Don't get me wrong - you can create a reasonable platform within Amazon RDS for SQL Server - if responsibility for managing this particular instance is something you want to remove - or perhaps you're a team without a traditional DBA role already. But I'd also suggest if you're already managing a fleet of servers, an additional SQL Server isn't going to make any considerable change to their workloads - especially if you want to treat your SQL Server cluster as the 'holy grail' within the organisation.

1. Read the User Guide for SQL Server, and Read it Again.

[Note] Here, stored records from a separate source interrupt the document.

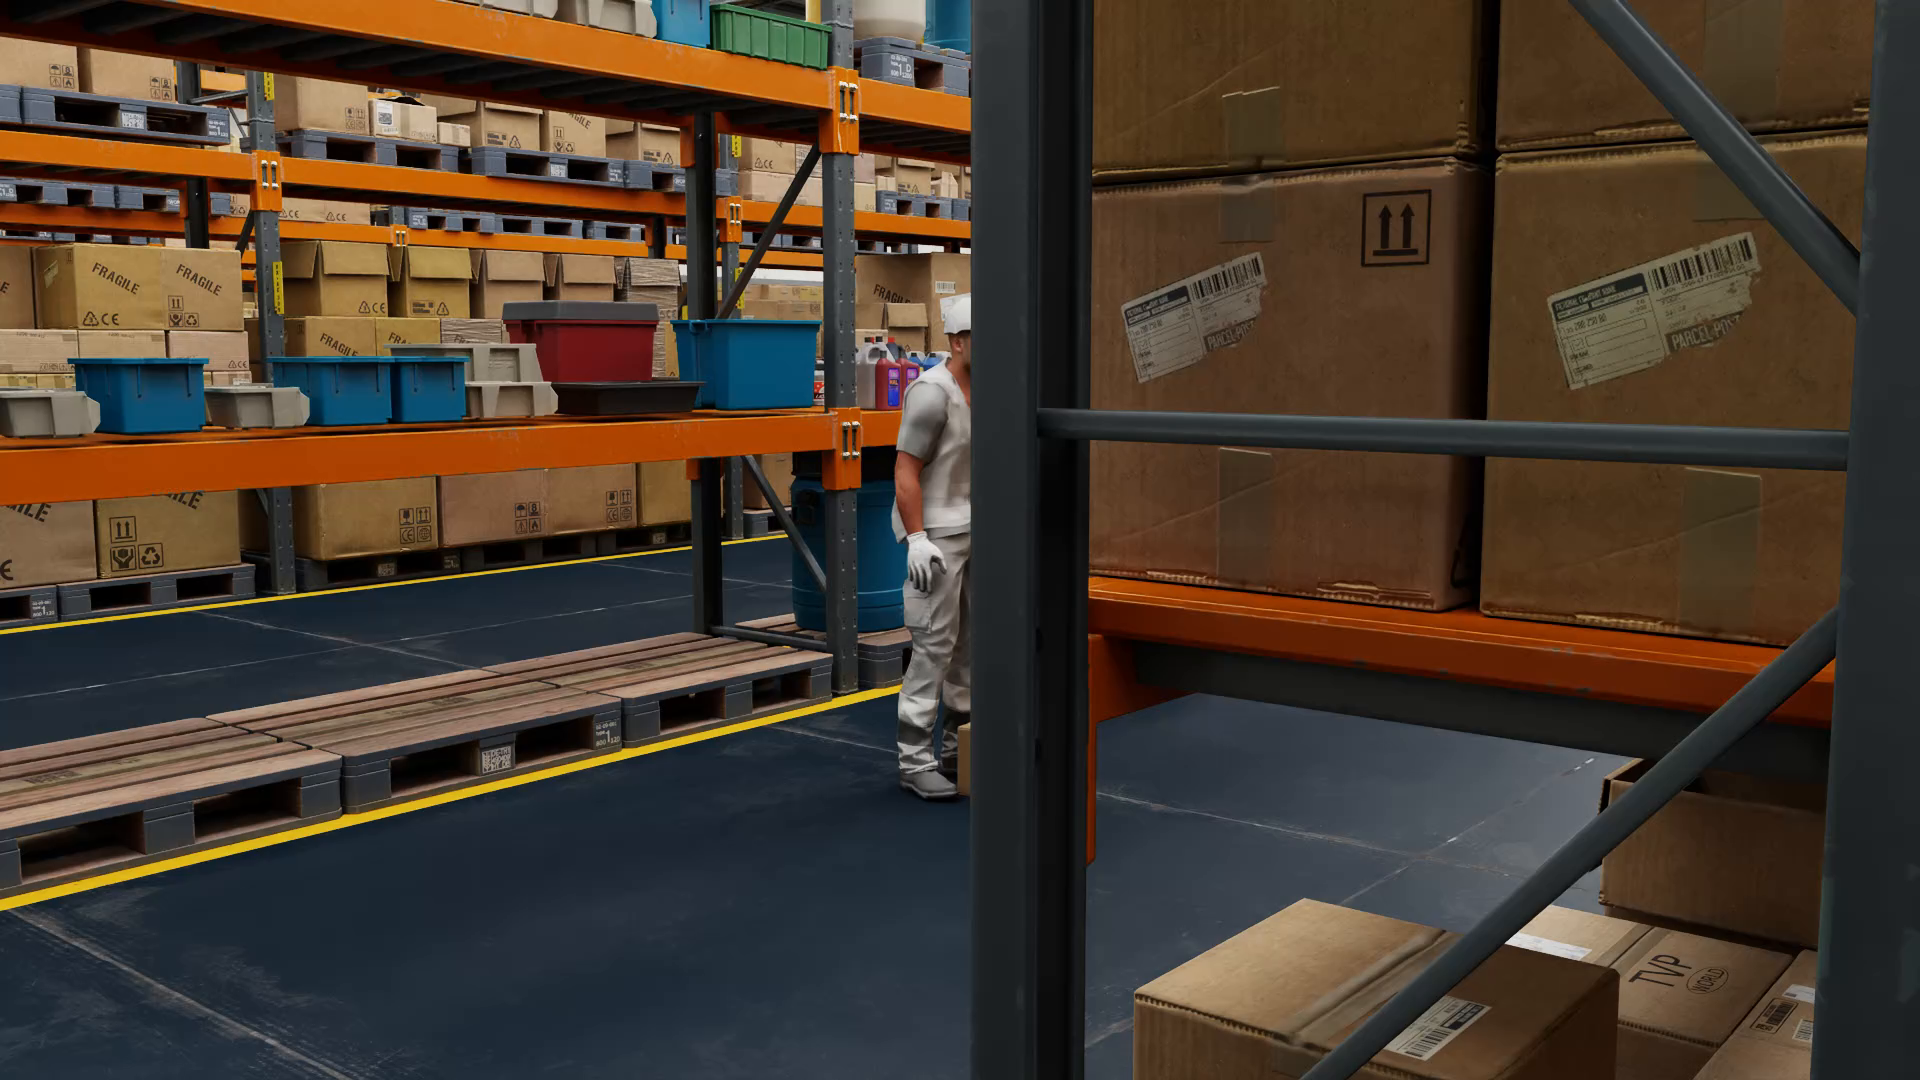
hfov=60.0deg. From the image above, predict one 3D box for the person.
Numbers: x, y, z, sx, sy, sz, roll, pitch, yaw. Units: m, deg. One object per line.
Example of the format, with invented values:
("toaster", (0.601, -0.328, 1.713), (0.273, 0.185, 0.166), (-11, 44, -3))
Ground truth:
("person", (-0.005, 0.012, 6.053), (0.447, 1.780, 0.623), (5, 8, 36))
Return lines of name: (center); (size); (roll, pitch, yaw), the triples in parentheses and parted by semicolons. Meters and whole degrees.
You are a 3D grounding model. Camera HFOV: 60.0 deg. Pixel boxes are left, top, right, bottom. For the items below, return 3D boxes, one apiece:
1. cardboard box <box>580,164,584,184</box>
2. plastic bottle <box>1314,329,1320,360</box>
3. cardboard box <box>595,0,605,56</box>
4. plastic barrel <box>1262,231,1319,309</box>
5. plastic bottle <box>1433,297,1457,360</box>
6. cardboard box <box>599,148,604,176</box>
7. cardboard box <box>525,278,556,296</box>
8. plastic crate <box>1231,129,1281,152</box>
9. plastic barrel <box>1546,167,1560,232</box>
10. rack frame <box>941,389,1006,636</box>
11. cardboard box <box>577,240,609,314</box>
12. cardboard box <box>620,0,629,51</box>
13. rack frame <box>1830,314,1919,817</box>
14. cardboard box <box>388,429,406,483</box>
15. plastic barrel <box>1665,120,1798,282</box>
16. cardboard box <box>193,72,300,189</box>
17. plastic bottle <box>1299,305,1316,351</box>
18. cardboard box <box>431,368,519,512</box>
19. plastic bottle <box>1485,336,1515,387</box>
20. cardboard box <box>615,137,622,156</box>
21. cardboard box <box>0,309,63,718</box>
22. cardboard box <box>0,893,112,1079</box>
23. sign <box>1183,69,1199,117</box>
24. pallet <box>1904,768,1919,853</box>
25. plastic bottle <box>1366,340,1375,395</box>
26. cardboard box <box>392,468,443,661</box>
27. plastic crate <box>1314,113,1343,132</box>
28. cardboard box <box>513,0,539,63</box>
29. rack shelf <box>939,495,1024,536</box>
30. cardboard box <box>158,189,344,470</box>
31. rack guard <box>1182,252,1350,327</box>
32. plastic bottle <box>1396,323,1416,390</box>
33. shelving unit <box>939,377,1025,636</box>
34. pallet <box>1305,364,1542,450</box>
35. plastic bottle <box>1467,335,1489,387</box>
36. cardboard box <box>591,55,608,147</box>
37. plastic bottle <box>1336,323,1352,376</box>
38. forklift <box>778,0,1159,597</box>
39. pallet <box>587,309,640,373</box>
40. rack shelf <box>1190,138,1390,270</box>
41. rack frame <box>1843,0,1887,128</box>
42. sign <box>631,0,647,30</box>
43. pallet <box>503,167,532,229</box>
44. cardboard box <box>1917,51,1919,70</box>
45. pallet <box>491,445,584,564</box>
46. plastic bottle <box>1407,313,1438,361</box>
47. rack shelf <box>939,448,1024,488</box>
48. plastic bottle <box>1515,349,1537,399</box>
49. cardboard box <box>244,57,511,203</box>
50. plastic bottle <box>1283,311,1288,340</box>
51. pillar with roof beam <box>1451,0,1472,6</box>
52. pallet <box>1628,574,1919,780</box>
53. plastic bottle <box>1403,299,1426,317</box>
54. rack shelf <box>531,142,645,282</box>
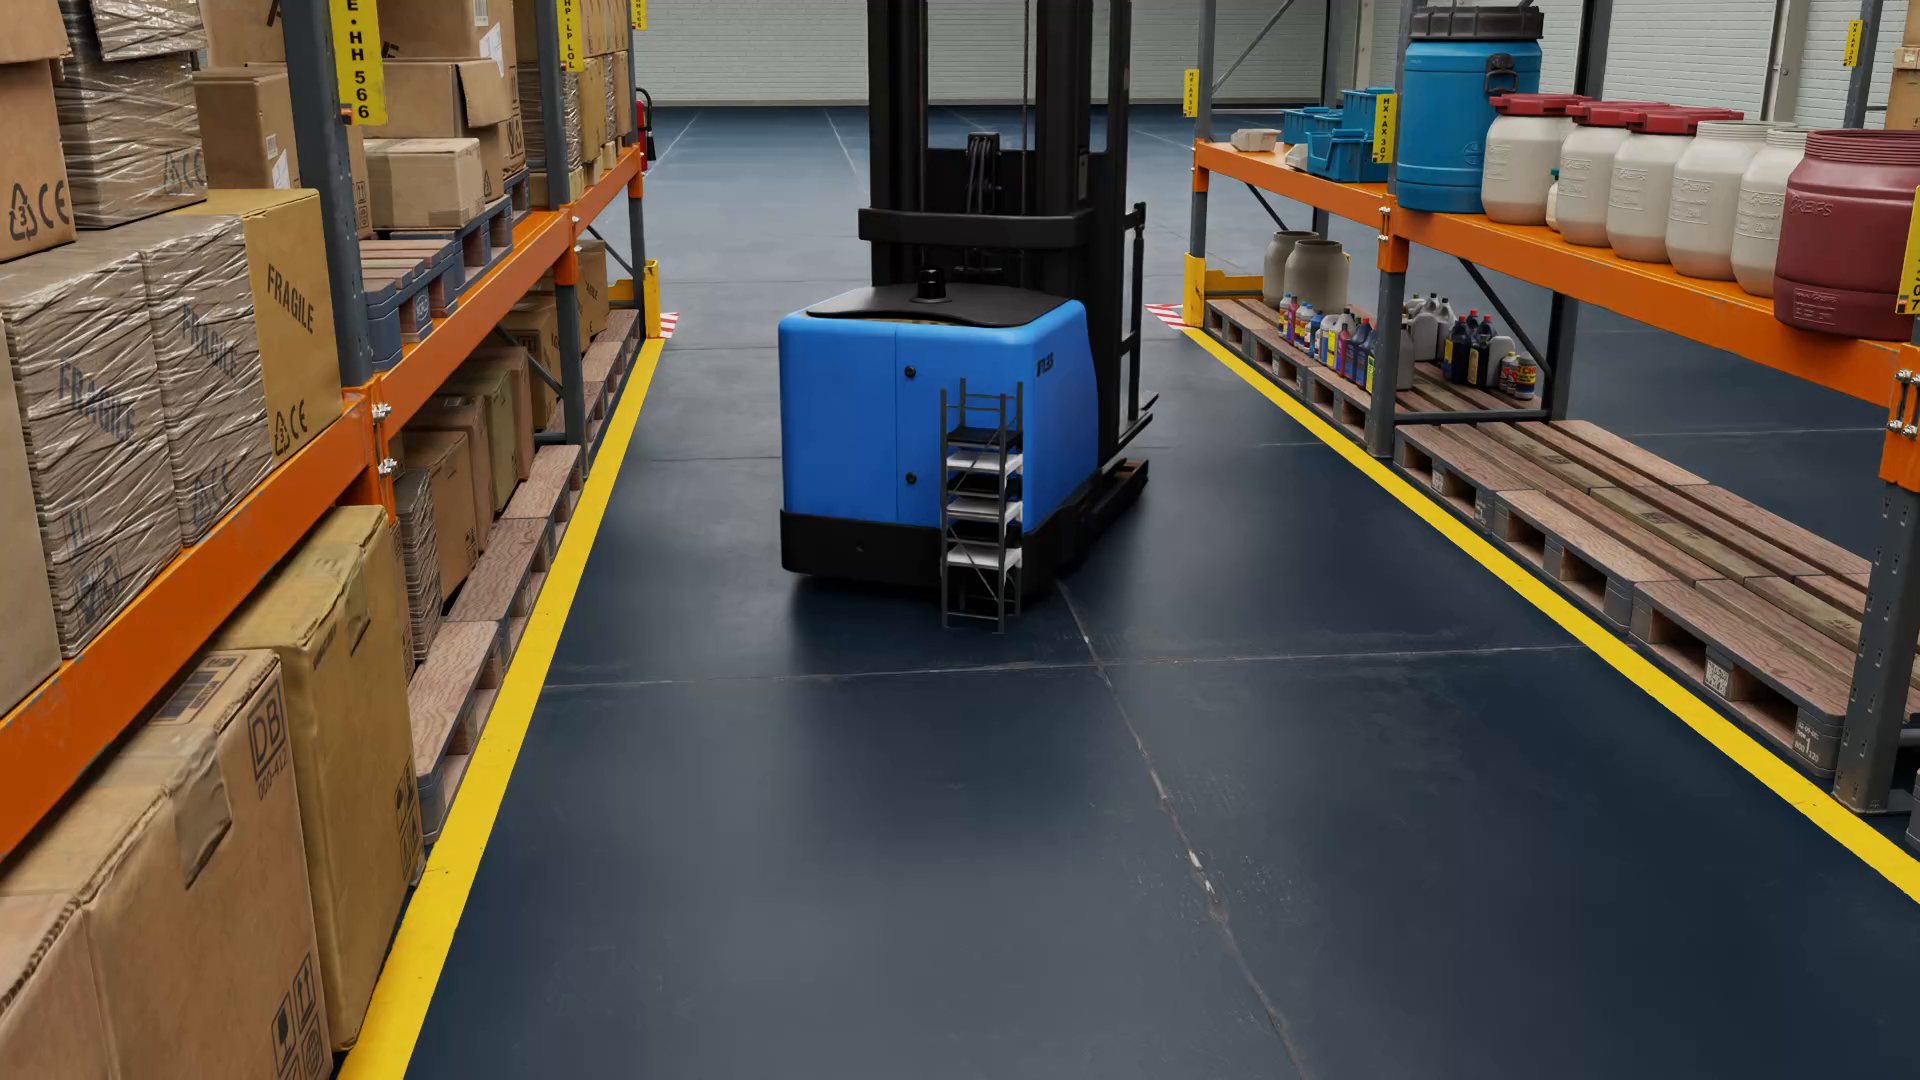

Read. This. Guide. I'm definitely one of those that skims through documentation seeking things that may stick out as red flags - especially when there's so much of it 'scenario' driven (i.e. feature X doesn't work when RDS is configured this way, or workaround issue X by doing something that seems quite destructive and counterintuitive - we will get to those). I spent a little time upfront going through the Limitations section expecting I'd find out what areas to focus on and build workarounds for just by sticking to that section alone. What you don't get from that is the sense of how 'limited' a particular function will actually be for your workload.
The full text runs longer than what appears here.